**STORED DATA**
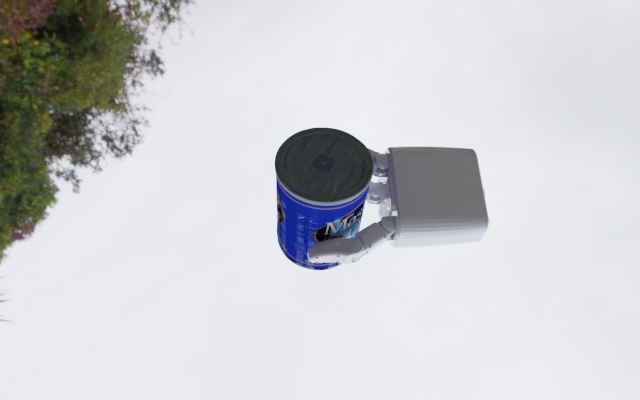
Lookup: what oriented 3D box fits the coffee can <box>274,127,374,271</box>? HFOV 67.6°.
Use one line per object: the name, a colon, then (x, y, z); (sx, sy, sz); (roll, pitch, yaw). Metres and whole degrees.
coffee can: (0.000, 0.002, 0.547); (0.103, 0.102, 0.140); (0, -36, -4)
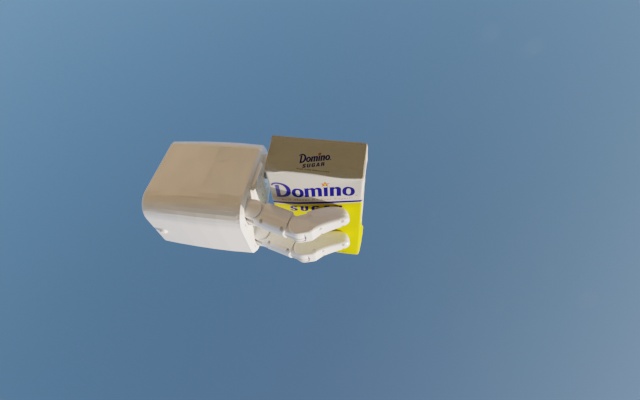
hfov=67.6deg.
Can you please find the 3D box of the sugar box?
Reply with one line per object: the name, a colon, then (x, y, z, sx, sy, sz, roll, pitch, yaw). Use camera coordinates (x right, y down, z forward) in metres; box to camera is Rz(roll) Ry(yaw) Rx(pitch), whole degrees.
sugar box: (0.000, 0.002, 0.508, 0.093, 0.048, 0.176, 5, -26, 7)

**BRIEF**
Skip the pictures and print each record exactly as it stands.

**FINAL ANSWER**
Lookup: what oriented 3D box fits the coffee can <box>274,127,374,271</box>? HFOV 67.6°.
Use one line per object: the name, a colon, then (x, y, z); (sx, sy, sz); (roll, pitch, yaw). Metres and whole degrees.
coffee can: (0.000, 0.002, 0.547); (0.103, 0.102, 0.140); (0, -36, -4)
hfov=67.6deg.
Can you please find the 3D box of the sugar box?
Reply with one line per object: the name, a colon, then (x, y, z, sx, sy, sz, roll, pitch, yaw). Use camera coordinates (x right, y down, z forward) in metres; box to camera is Rz(roll) Ry(yaw) Rx(pitch), whole degrees.
sugar box: (0.000, 0.002, 0.508, 0.093, 0.048, 0.176, 5, -26, 7)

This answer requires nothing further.